Search code examples
memory-leaksd

How to fix D "memory leaks"


So I've been searching for a solution to this problem for some time. I've written a program to take data from two separate text files, parse it, and output to another text file and an ARFF file for analysis by Weka. The problem I'm running into is that the function I wrote to handle the data read and parsing operations doesn't de-allocate memory properly. Every successive call uses an additional 100MB or so and I need call this function over 60 times over the course of the function. Is there a way to force D to de-allocate memory, with respect to arrays, dynamic arrays, and associative arrays in particular?

An example of my problem:

struct Datum {
     string Foo;
     int Bar;
} 

Datum[] Collate() {
    Datum[] data;
    int[] userDataSet;
    int[string] secondarySet;
    string[] raw = splitLines(readText(readFile)).dup;

    foreach (r; raw) {
        userDataSet ~= parse(r);
        secondarySet[r.split(",").dup] = parseSomeOtherWay(r);
    }

    data = doSomeOtherCalculation(userDataSet, secondarySet);

    return data;
}

Solution

  • Are the strings in the returned data still pointing inside the original text file?

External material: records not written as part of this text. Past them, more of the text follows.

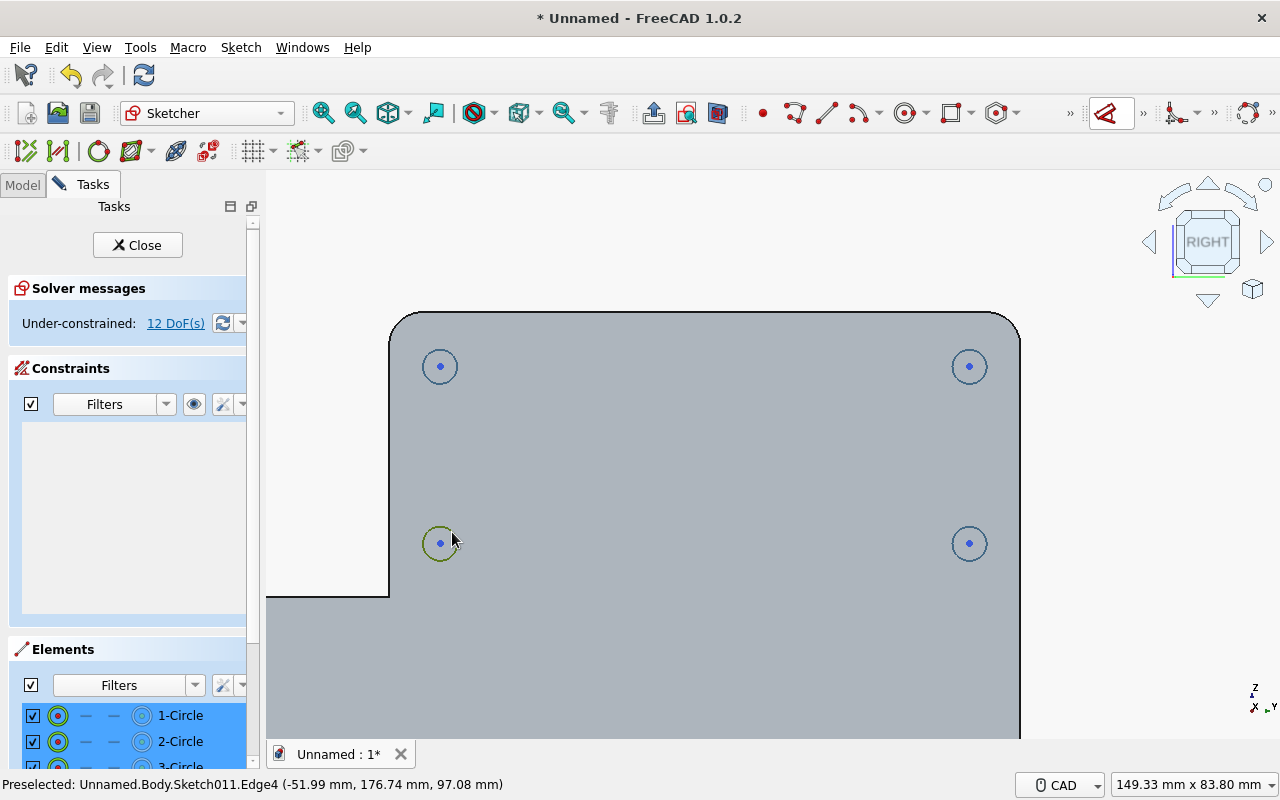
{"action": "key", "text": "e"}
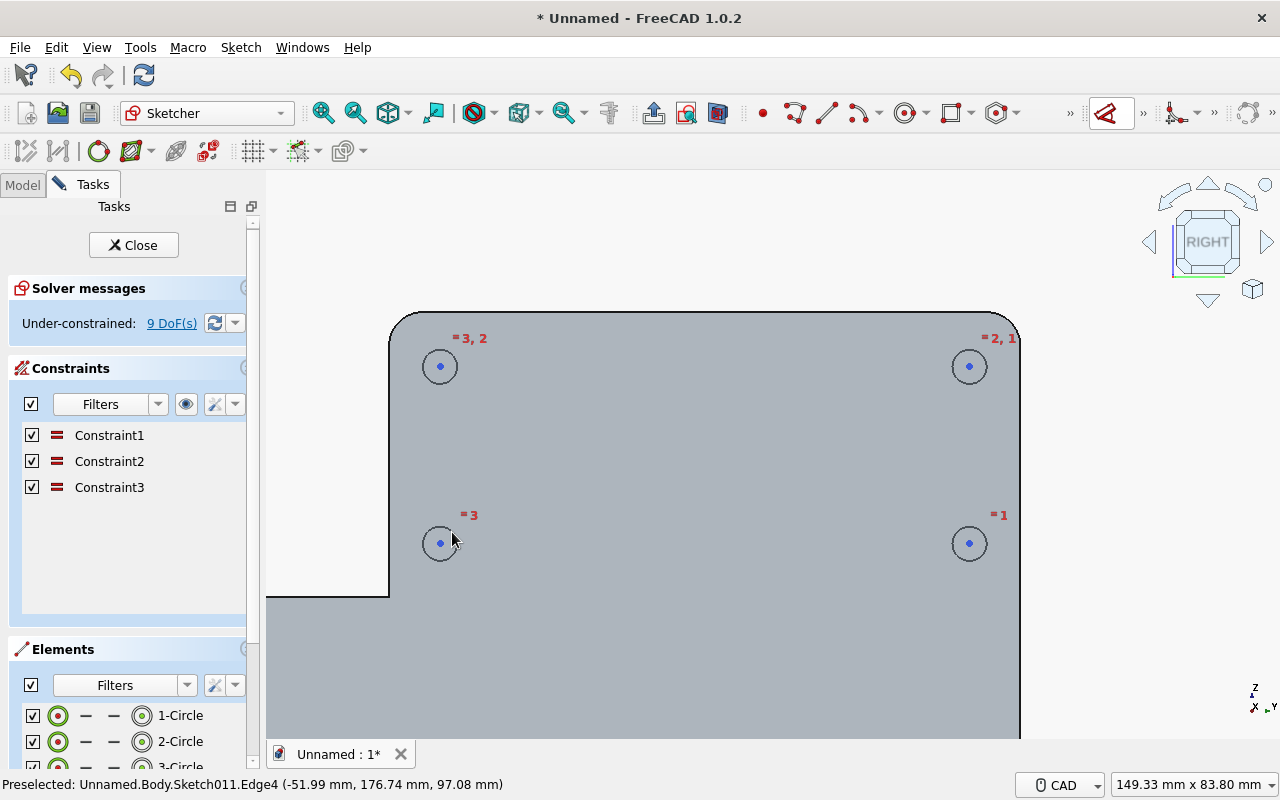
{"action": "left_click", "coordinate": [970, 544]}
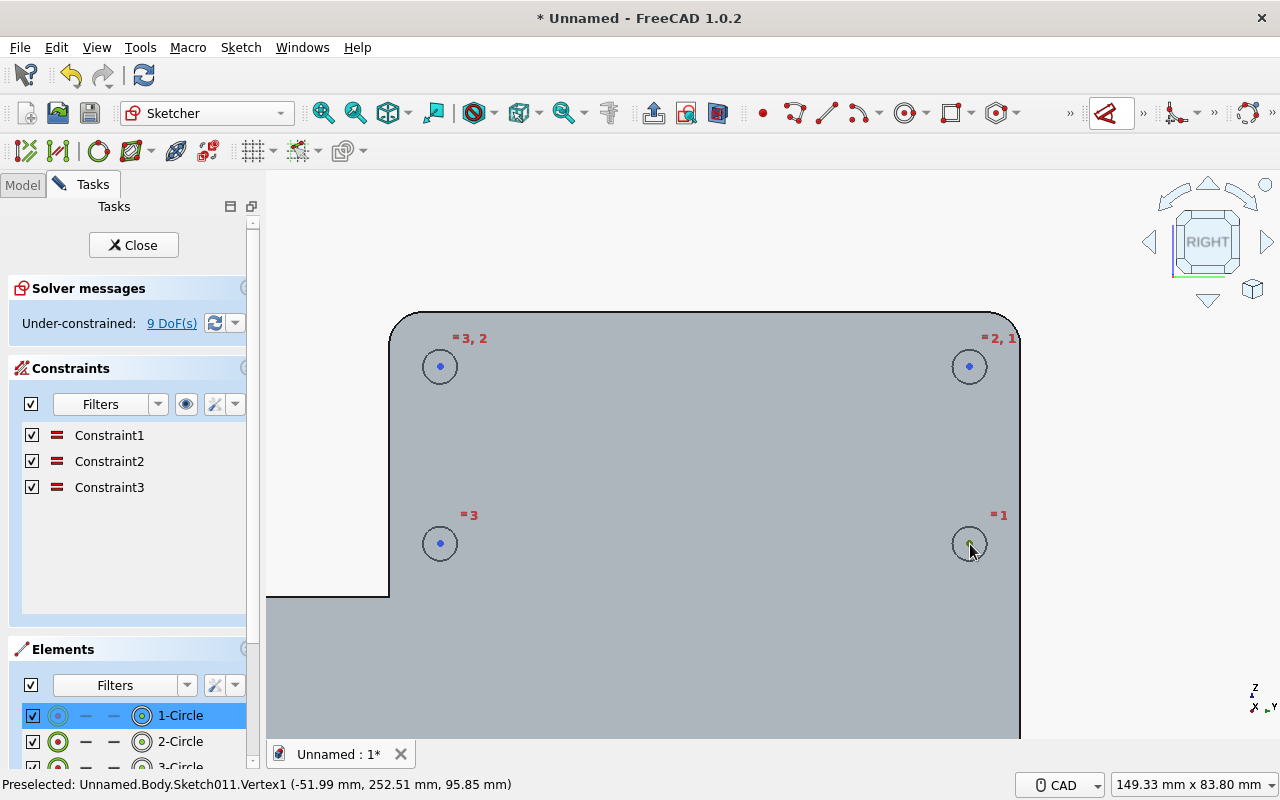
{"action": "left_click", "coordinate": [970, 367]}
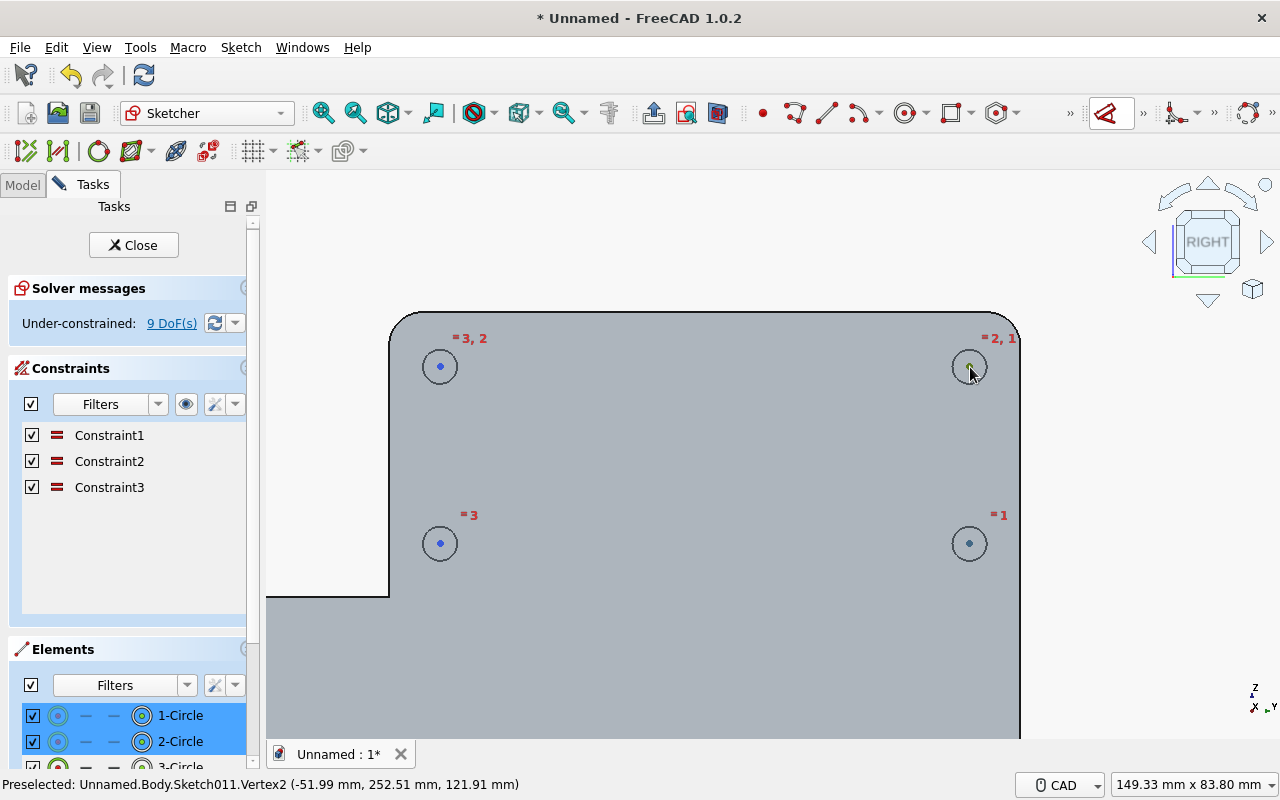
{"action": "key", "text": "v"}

    Array slicing operations in D do not make a copy of the data - instead, they just store a pointer and length. This also applies to splitLines, split, and possibly to doSomeOtherCalculation. This means that as long as a substring of the original file text exists anywhere in the program, the entire file's contents cannot be freed.

    If the data you're returning is only a small fraction of the size of the text file you're reading, you can use .dup to make a copy of the string. This will prevent the small strings from pinning the entire file's contents in memory.